What do you do with your newspapers after reading and with the lids and lemon boxes or bottles?
For many people, the answer is that they throw them in the trash – but this is different for a group in Nigeria that embraces the collection of such trash or garbage and turns them into decorative items with young activists.
It is a program to encourage the processing of these items into jewelry to promote beauty and beauty.
At the moment, jewelry and fashion are almost 10 percent of carbon emissions, according to the United Nations.
The “Greenfingers” group has been leading the campaign to clean the environment in Lagos, Nigeria, since 2012.
But on Saturday, they focused on organizing an event to promote jewelry made from trash as a new way to show the world how to reduce trash and recycle it into useful products.
Chinedu Mogbo, who also founded the group, told us that there is a lack of education on environmental pollution and climate change problems, so this kind of meeting that they called “trashion” is a way to beautify and educate the community.

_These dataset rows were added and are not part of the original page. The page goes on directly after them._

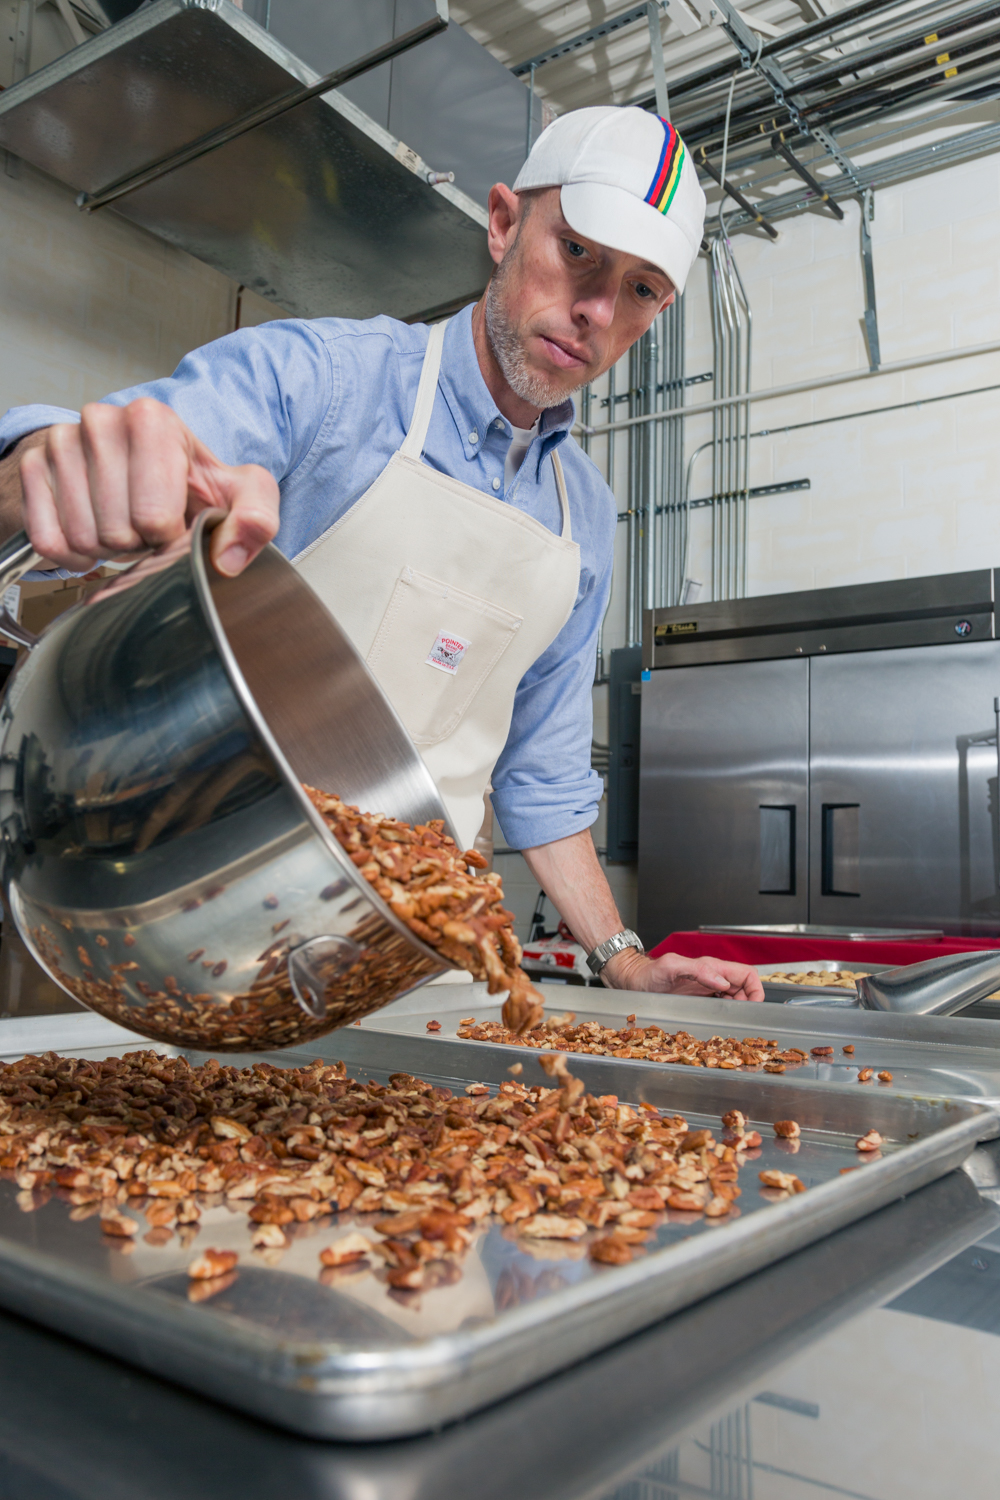Imagine this kitchen as part of a historic mansion turned museum. What might this kitchen's design tell visitors about the culinary history of the era? If this kitchen were part of a historic mansion turned museum, its design could provide visitors with a glimpse into the culinary practices and technologies of the past. The presence of high-end commercial kitchen equipment might indicate the period when such appliances became more widely available and affordable for large households or institutions. The layout and design could also reflect the evolution of kitchen hygiene standards and the role of professional chefs in affluent homes. Exhibits might include historical cooking tools, recipes, and accounts of typical meals prepared in such kitchens, offering a comprehensive view of the culinary culture of the era. What kind of special events or demonstrations could be held in this kitchen to attract museum visitors? Special events or demonstrations that could be held in this kitchen to attract museum visitors might include live cooking demonstrations of traditional recipes, showcasing historical cooking techniques and ingredients. The kitchen could also host workshops on the art of preserving nuts and other ingredients as it was done in the past, allowing visitors to gain hands-on experience. Additionally, thematic culinary events, where guests can sharegpt4v/sample historical dishes and learn about the dietary habits of different time periods, would provide an engaging and educational experience. 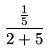<formula> <loc_0><loc_0><loc_500><loc_500>\frac { \frac { 1 } { 5 } } { 2 + 5 }</formula> 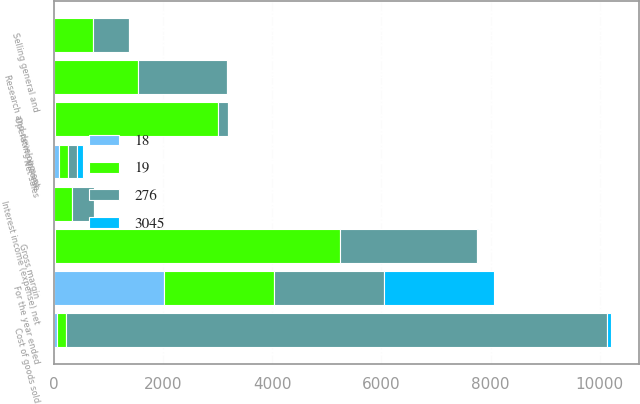<chart> <loc_0><loc_0><loc_500><loc_500><stacked_bar_chart><ecel><fcel>For the year ended<fcel>Net sales<fcel>Cost of goods sold<fcel>Gross margin<fcel>Selling general and<fcel>Research and development<fcel>Operating income<fcel>Interest income (expense) net<nl><fcel>276<fcel>2016<fcel>168<fcel>9894<fcel>2505<fcel>659<fcel>1617<fcel>168<fcel>395<nl><fcel>3045<fcel>2016<fcel>100<fcel>80<fcel>20<fcel>5<fcel>13<fcel>1<fcel>3<nl><fcel>19<fcel>2015<fcel>168<fcel>168<fcel>5215<fcel>719<fcel>1540<fcel>2998<fcel>336<nl><fcel>18<fcel>2015<fcel>100<fcel>68<fcel>32<fcel>4<fcel>10<fcel>19<fcel>2<nl></chart>

“We want the youth to be in this campaign of life in the mountains and water,” said Mogbo, who is determined to also manage a large portion of the ball to the beauty of the attraction.
However, waste management in Nigeria is not an easy task: There is concern on the part of those responsible for refuse or waste, that waste is collected in one place and taken to another place – meaning that the work is not going as it should be.
Therefore, the trashion program shows the most suitable ways of managing this activity and the strategy of controlling the ball, which previously had no knowledge or experience of this, according to him.
Chinedu is confident that “Nigeria’s priority is in the oil sector, and the issue of dependence on this sector is not sustainable as the indicators show in the future”.
“Garbage collected from ditches, canals, beaches and other areas of the community – had the opportunity to be the clothes that were sold at this meeting. And that shows the need to come up with other strategies like this attractive meeting.
“I decided to come out and do this meeting this year, because I want to make a change, we have seen the change caused by climate problems, so I really want to make a change,” said 16-year-old Nathaniel Edegwa.